Nadia Villafuerte was once born in 1978 in Tuxtla Gutiérrez within the state of Chiapas, Mexico. She studied journalism and tune, and she or he has won fellowships from the National Fund for Culture and Arts (FONCA) and the Foundation for Mexican Letters (FLM), each in Mexico. Her publications come with 3 collections of brief tales: Preludio (Prelude), Barcos en Houston (Ships in Houston), and ¿Te gusta el látex, cielo? (Do you Like Latex, Honey?), and the radical Por el lado salvaje (On the Wild Side). Her paintings has additionally been anthologized in more than a few collections. She has an MFA in inventive writing in Spanish from New York University. Villafuerte lives in New York City, the place she is recently pursuing a Ph.D. in Spanish and Portuguese languages and literature at New York University.

About the Translator

Julie Ann Ward was once born in Oklahoma in 1983. She holds a Ph.D. in Hispanic languages and literatures from the University of California, Berkeley. Her book A Shared Truth: The Theater of Lagartijas Tiradas al Sol was once printed in 2019 with the University of Pittsburgh Press, and her essays, fiction, and translations have gave the impression in World Literature Today, Latin American Literature Today, Dancing with the Zapatistas, PostScript, InSight: A Journal of Scholarly Teaching, Theatre Journal, Trans/Modernity, Latin American Theatre Review, Revista de Estudios Hispánicos, Revista de Literatura Mexicana Contemporánea, and Paso de Gato. She lives in Norman, Oklahoma. 

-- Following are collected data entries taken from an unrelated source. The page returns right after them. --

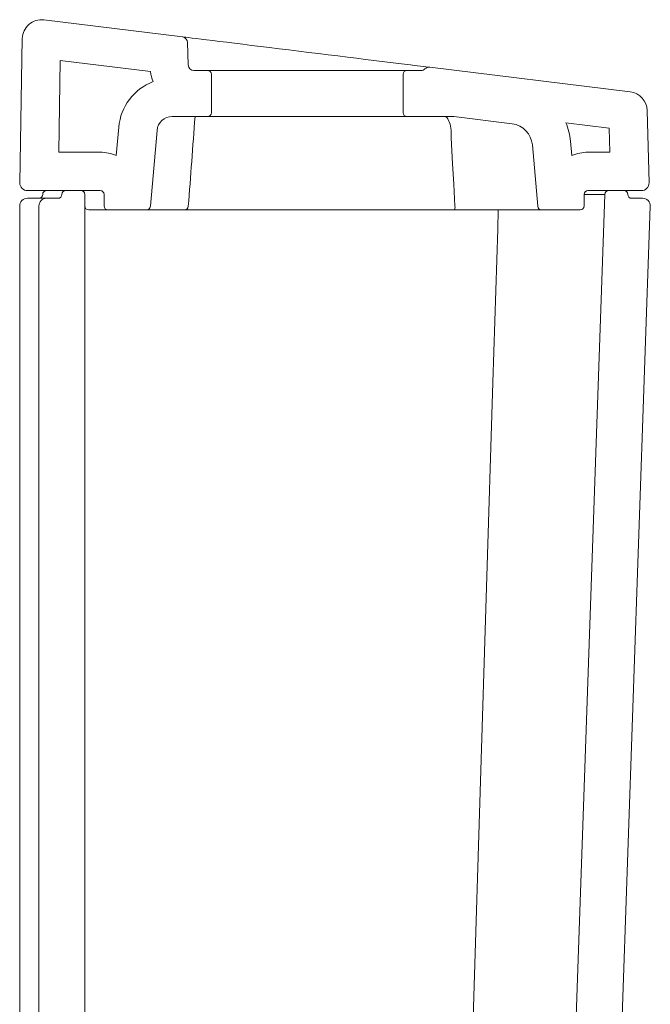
# Model space of a CAD drawing. Header units: millimetres. Extents: x 3783.817 to 3784.418, y 1722.737 to 1723.591.
# Tile 3 of 4: x 3783.817 to 3783.982, y 1723.335 to 1723.591. Entities that reach past the tile are written whole.
import ezdxf

# ---------------------------------------------------------------- set-up
doc = ezdxf.new("R2010")
doc.units = ezdxf.units.MM
doc.layers.add('SANINDUSA', color=3, linetype='Continuous')

msp = doc.modelspace()

# ---------------------------------------------------------------- linework, layer by layer
at = {"layer": 'SANINDUSA', "linetype": 'Continuous', "lineweight": 15}
for p, q in [((3783.823781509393, 1723.591135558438), (3783.859909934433, 1723.586699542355)), ((3783.818172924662, 1723.586260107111), (3783.817516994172, 1723.548681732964)), ((3783.86143092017, 1723.579401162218), (3783.861226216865, 1723.585263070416)), ((3783.82807448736, 1723.580533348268), (3783.82765754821, 1723.556646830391)), ((3783.82807448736, 1723.580533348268), (3783.851572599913, 1723.577648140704)), ((3783.866481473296, 1723.577953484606), (3783.862930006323, 1723.577953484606)), ((3783.866481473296, 1723.577953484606), (3783.918481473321, 1723.577953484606)), ((3783.9221240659, 1723.577953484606), (3783.918481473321, 1723.577953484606)), ((3783.924389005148, 1723.57878252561), (3783.976703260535, 1723.572359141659)), ((3783.867481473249, 1723.566953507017), (3783.867481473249, 1723.576953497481)), ((3783.917481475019, 1723.576953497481), (3783.917481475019, 1723.566953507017)), ((3783.866481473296, 1723.56595349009), (3783.857273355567, 1723.56595349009)), ((3783.918481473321, 1723.56595349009), (3783.866481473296, 1723.56595349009)), ((3783.930162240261, 1723.56595349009), (3783.918481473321, 1723.56595349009)), ((3783.930649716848, 1723.565923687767), (3783.945908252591, 1723.56405016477)), ((3783.981585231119, 1723.548699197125), (3783.98109220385, 1723.56752729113)), ((3783.843326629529, 1723.563173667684), (3783.842682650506, 1723.555812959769)), ((3783.959905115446, 1723.564346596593), (3783.971208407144, 1723.562958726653)), ((3783.971373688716, 1723.556646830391), (3783.971208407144, 1723.562958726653)), ((3783.853288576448, 1723.562302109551), (3783.851561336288, 1723.542559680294)), ((3783.929980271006, 1723.560420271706), (3783.929999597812, 1723.561189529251)), ((3783.951154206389, 1723.558617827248), (3783.952559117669, 1723.542559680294)), ((3783.961116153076, 1723.559489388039), (3783.961437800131, 1723.55581295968)), ((3783.82765754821, 1723.556646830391), (3783.838481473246, 1723.556646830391)), ((3783.965638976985, 1723.556646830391), (3783.971373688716, 1723.556646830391)), ((3783.819481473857, 1723.544646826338), (3783.820360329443, 1723.544646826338)), ((3783.819516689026, 1723.546646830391), (3783.838481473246, 1723.546646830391)), ((3783.820360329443, 1723.544646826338), (3783.822430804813, 1723.544646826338)), ((3783.822430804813, 1723.544646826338), (3783.824481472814, 1723.544646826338)), ((3783.824481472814, 1723.544646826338), (3783.827481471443, 1723.544646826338)), ((3783.829481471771, 1723.546646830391), (3783.833481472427, 1723.546646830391)), ((3783.834481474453, 1723.545646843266), (3783.834481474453, 1723.151909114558)), ((3783.83948147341, 1723.545646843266), (3783.83948147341, 1723.542646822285)), ((3783.956260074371, 1723.151734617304), (3783.97001701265, 1723.545681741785)), ((3783.964638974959, 1723.542646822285), (3783.964638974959, 1723.545646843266)), ((3783.97001701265, 1723.545681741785), (3783.964639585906, 1723.545681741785)), ((3783.965638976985, 1723.546646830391), (3783.97958591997, 1723.546646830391)), ((3783.971016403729, 1723.546646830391), (3783.975058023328, 1723.546646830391)), ((3783.977058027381, 1723.544646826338), (3783.97991712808, 1723.544646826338)), ((3783.817481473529, 1723.13890911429), (3783.817481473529, 1723.542646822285)), ((3783.822481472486, 1723.542646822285), (3783.822481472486, 1723.13890911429)), ((3783.967814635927, 1723.138769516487), (3783.981915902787, 1723.542577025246)), ((3783.840480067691, 1723.54164683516), (3783.835481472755, 1723.54164683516)), ((3783.850565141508, 1723.54164683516), (3783.840481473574, 1723.54164683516)), ((3783.860461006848, 1723.54164683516), (3783.850565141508, 1723.54164683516)), ((3783.863427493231, 1723.54164683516), (3783.860461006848, 1723.54164683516)), ((3783.911594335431, 1723.54164683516), (3783.863427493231, 1723.54164683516)), ((3783.914560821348, 1723.54164683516), (3783.911594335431, 1723.54164683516)), ((3783.930819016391, 1723.54164683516), (3783.914560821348, 1723.54164683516)), ((3783.934184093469, 1723.54164683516), (3783.930819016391, 1723.54164683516)), ((3783.953555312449, 1723.54164683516), (3783.934184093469, 1723.54164683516)), ((3783.963638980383, 1723.54164683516), (3783.953555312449, 1723.54164683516))]:
    msp.add_line(p, q, dxfattribs=at)
at = {"layer": 'SANINDUSA', "linetype": 'Continuous', "lineweight": 15, "flags": 128}
for points in [[(3783.859909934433, 1723.586699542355), (3783.860011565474, 1723.586687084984), (3783.8603158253, 1723.586649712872), (3783.860820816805, 1723.586587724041), (3783.861523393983, 1723.586501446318), (3783.862419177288, 1723.586391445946), (3783.863502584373, 1723.586258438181), (3783.86476686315, 1723.586103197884), (3783.86620413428, 1723.585926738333), (3783.867805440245, 1723.58573010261), (3783.8695608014, 1723.585514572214), (3783.871459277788, 1723.585281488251), (3783.873489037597, 1723.585032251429), (3783.875637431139, 1723.584768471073), (3783.877891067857, 1723.58449175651), (3783.880235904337, 1723.584203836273), (3783.882657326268, 1723.583906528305), (3783.885140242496, 1723.583601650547), (3783.887669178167, 1723.58329114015), (3783.890228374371, 1723.582976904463), (3783.892801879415, 1723.582660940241), (3783.895373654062, 1723.582345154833), (3783.897927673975, 1723.582031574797), (3783.900448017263, 1723.581722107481), (3783.902918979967, 1723.581418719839), (3783.905325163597, 1723.581123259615), (3783.90765156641, 1723.580837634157)], [(3783.90765156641, 1723.580837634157), (3783.912653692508, 1723.580223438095), (3783.916281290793, 1723.579778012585), (3783.919364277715, 1723.579399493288), (3783.92039333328, 1723.579273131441)], [(3783.92039333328, 1723.579273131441), (3783.922733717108, 1723.578985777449), (3783.923962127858, 1723.578834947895), (3783.924389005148, 1723.57878252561)], [(3783.928541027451, 1723.56595349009), (3783.928979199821, 1723.565613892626), (3783.929156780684, 1723.565384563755), (3783.929758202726, 1723.563975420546), (3783.92998809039, 1723.562410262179), (3783.929999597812, 1723.561189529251)], [(3783.930980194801, 1723.542559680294), (3783.930663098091, 1723.548329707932), (3783.930368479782, 1723.553598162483), (3783.929980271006, 1723.560420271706)], [(3783.942277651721, 1723.54164683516), (3783.942122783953, 1723.53665315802), (3783.940882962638, 1723.496678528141), (3783.935922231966, 1723.336779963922), (3783.930178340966, 1723.151734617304)]]:
    msp.add_lwpolyline(points, dxfattribs=at)
at = {"layer": 'SANINDUSA', "linetype": 'Continuous', "lineweight": 15}
for centre, radius, start, end in [((3783.823172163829, 1723.586172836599), 0.004999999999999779, 83.0000000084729, 178.999999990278), ((3783.859727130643, 1723.585210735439), 0.001499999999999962, 2.000000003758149, 83.0000000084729), ((3783.862930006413, 1723.579453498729), 0.001499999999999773, 182.0000000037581, 270), ((3783.866481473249, 1723.576953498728), 0.001000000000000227, 0, 90), ((3783.918481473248, 1723.576953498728), 0.001000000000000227, 90, 180), ((3783.922124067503, 1723.579453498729), 0.001499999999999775, 270, 313.9510926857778), ((3783.924206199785, 1723.577293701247), 0.001500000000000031, 83.0000000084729, 133.9510926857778), ((3783.862930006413, 1723.579453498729), 0.01149999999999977, 189.032091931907, 202.5477192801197), ((3783.857273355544, 1723.561953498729), 0.0140000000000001, 110.7684707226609, 175.0000000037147), ((3783.976093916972, 1723.567396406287), 0.005000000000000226, 1.499999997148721, 83.0000000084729), ((3783.857273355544, 1723.561953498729), 0.004000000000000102, 90, 175.0000000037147), ((3780.542474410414, 1723.803157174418), 3.329190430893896, 355.5104921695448, 355.9142333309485), ((3783.866481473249, 1723.566953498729), 0.0009999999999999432, 270, 0), ((3783.918481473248, 1723.566953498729), 0.0009999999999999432, 180, 270), ((3783.93016224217, 1723.561953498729), 0.004000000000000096, 83.0000000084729, 90), ((3783.945177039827, 1723.55809489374), 0.005999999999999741, 4.999999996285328, 83.0000000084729), ((3783.945177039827, 1723.55809489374), 0.01599999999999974, 4.999999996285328, 23.00001864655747), ((3783.838481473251, 1723.545646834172), 0.01100000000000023, 67.54701461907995, 90), ((3783.965638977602, 1723.545646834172), 0.01100000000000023, 90, 112.4529865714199), ((3783.819516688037, 1723.548646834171), 0.00200000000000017, 178.999999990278, 270), ((3783.979585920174, 1723.548646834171), 0.00200000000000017, 270, 1.499999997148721), ((3783.819481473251, 1723.542646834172), 0.001999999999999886, 90, 180), ((3783.82248147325, 1723.545646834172), 0.0009999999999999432, 270, 0), ((3783.824481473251, 1723.542646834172), 0.001999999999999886, 90, 180), ((3783.824481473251, 1723.545646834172), 0.001000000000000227, 90, 180), ((3783.82748147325, 1723.545646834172), 0.0009999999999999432, 270, 0), ((3783.829481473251, 1723.545646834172), 0.001000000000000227, 90, 180), ((3783.833481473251, 1723.545646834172), 0.001000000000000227, 0, 90), ((3783.838481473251, 1723.545646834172), 0.001000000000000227, 0, 90), ((3783.965638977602, 1723.545646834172), 0.001000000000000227, 90, 180), ((3783.971016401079, 1723.545646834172), 0.001000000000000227, 90, 177.9999999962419), ((3783.975058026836, 1723.545646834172), 0.001000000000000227, 0, 90), ((3783.977058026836, 1723.545646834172), 0.001000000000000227, 180, 270), ((3783.97991712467, 1723.542646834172), 0.002000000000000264, 357.9999999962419, 90), ((3783.83548147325, 1723.542646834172), 0.0009999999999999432, 180, 270), ((3783.84048147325, 1723.542646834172), 0.001000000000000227, 180, 270), ((3783.850565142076, 1723.542646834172), 0.0009999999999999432, 270, 355.0000000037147), ((3783.860457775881, 1723.542642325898), 0.0009954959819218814, 270.1859586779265, 355.2378505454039), ((3783.929497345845, 1723.542350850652), 0.001497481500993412, 331.9570688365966, 8.01624729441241), ((3783.953555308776, 1723.542646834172), 0.0009999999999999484, 184.9999999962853, 270), ((3783.963638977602, 1723.542646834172), 0.0009999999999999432, 270, 0)]:
    msp.add_arc(centre, radius, start, end, dxfattribs=at)

doc.saveas('drawing.dxf')

About Undiscovered Americas

Logo for Undiscovered Americas book series

Undiscovered Americas is an open-get right of entry to sequence from Downstate Legacies which was once based in 2016 through Steve Halle as an imprint of the Publications Unit within the Department of English at Illinois State University. It publishes lost sight of books from North, Central, and South America, with an emphasis on misplaced or out-of-print books and books translated into English. UA has an academic challenge to make necessary books to be had to lecturers and scholars at no cost in easily accessible electronic formats. Print copies of UA books also are to be had by way of print-on-call for.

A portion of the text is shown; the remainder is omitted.